Accordingly, in order to improve the reliability and print quality of an inkjet printhead, it is necessary to subject a surface of a printhead to an anti-wetting treatment. As a coating for the anti-wetting treatment, a metal such as gold (Au), palladium (Pd) or tantalum (Ta) has been typically used. However, such a metal having a contact angle of less than 90xc2x0 cannot be suitably used as a coating for an inkjet printhead that is required to have a high anti-wetting property.
In an effort to solve the above problems, it is a feature of an embodiment of the present invention to provide a bubble-jet type inkjet printhead having a hemispherical ink chamber and an anti-wetting film exhibiting good characteristics while satisfying general requirements of a printhead.

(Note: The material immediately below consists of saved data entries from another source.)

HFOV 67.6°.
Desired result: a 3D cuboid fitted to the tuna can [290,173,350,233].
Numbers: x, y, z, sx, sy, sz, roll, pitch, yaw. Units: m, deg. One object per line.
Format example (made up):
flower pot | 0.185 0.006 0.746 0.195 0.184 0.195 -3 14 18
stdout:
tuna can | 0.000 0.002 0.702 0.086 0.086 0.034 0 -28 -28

To provide the above feature, the present invention provides a bubble-jet type inkjet printhead including a substrate, in which a manifold for supplying ink, an ink chamber having a substantially hemispherical shape and filled with ink to be ejected, and an ink channel for supplying ink from the manifold to the ink chamber, are incorporated, a nozzle plate, formed on the substrate, having a nozzle, through which ink is ejected, the nozzle formed at a location corresponding to the center of the ink chamber, a heater provided on the nozzle plate and surrounding the nozzle, and electrodes provided on the nozzle plate and electrically connected to the heater to supply pulse current to the heater, wherein an anti-wetting coating including a perfluorinated alkene compound on at least a surface around the nozzle is formed on an exposed surface of the printhead.
Preferably, the perfluorinated alkene compound as an anti-wetting compound is perfluorobutene. Also preferably, the anti-wetting coating is deposited by RF glow discharge and can be removed by O2 plasma.

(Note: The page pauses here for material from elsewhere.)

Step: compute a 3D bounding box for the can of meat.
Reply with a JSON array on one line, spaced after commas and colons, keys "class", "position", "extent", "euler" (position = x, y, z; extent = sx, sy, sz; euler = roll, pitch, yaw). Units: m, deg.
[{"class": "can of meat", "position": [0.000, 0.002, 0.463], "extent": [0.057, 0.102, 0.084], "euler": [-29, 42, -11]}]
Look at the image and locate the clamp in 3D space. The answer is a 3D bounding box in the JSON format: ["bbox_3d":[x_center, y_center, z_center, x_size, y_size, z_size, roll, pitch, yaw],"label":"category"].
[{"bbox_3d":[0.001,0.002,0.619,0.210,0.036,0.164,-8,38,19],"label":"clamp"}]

Since an anti-wetting film having a perfluorinated alkene compound provided on the outer surface around a nozzle has a relatively large contact angle, ink ejection can be made in a more stable manner and more accurately. Thus, the reliability and print quality of the inkjet printhead can be improved.

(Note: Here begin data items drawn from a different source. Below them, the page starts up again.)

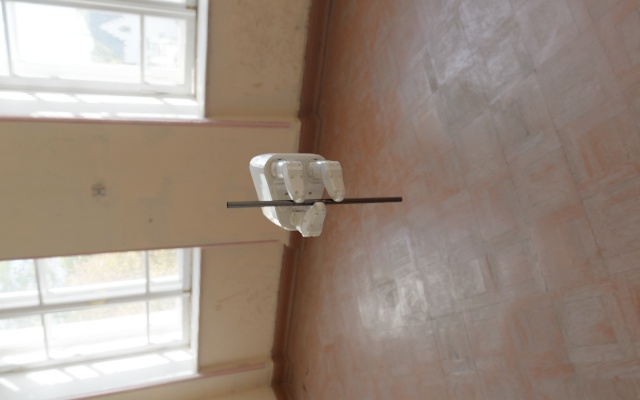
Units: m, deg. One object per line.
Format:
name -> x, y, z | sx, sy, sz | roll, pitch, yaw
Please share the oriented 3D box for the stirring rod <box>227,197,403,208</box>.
stirring rod -> 0.000, 0.002, 0.617 | 0.239, 0.011, 0.011 | -2, 1, -22
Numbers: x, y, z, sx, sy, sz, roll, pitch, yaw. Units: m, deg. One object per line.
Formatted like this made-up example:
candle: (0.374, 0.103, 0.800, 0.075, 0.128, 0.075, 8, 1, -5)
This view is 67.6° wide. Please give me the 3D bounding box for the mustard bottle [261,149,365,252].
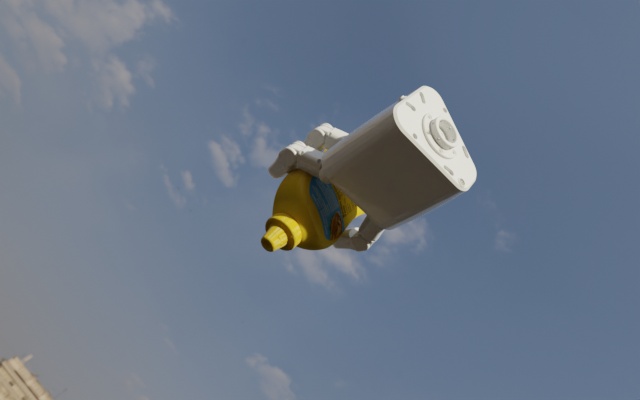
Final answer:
mustard bottle: (0.000, 0.002, 0.550, 0.058, 0.096, 0.191, -1, 26, 39)

Additionally, an insulation layer may be preferably formed on the nozzle plate where the heater is formed, and the electrodes are preferably formed on the insulation layer. Further, a passivation layer is preferably formed over the electrodes and the insulation layer, and the anti-wetting coating is preferably formed on the passivation layer.
The manifold may be formed on a bottom side of the substrate, and the ink channel may be formed on a bottom of the ink chamber to be in flow communication with the manifold.
Further, a nozzle guide extending downward in the depth direction of the ink chamber may be formed at an edge of the nozzle.
The heater is preferably annular-shaped, with the electrodes connected to opposite locations of the heater on the diameter thereof. Alternatively, the heater may be formed in the shape of the Greek letter omega and the electrodes are connected to both ends of the heater.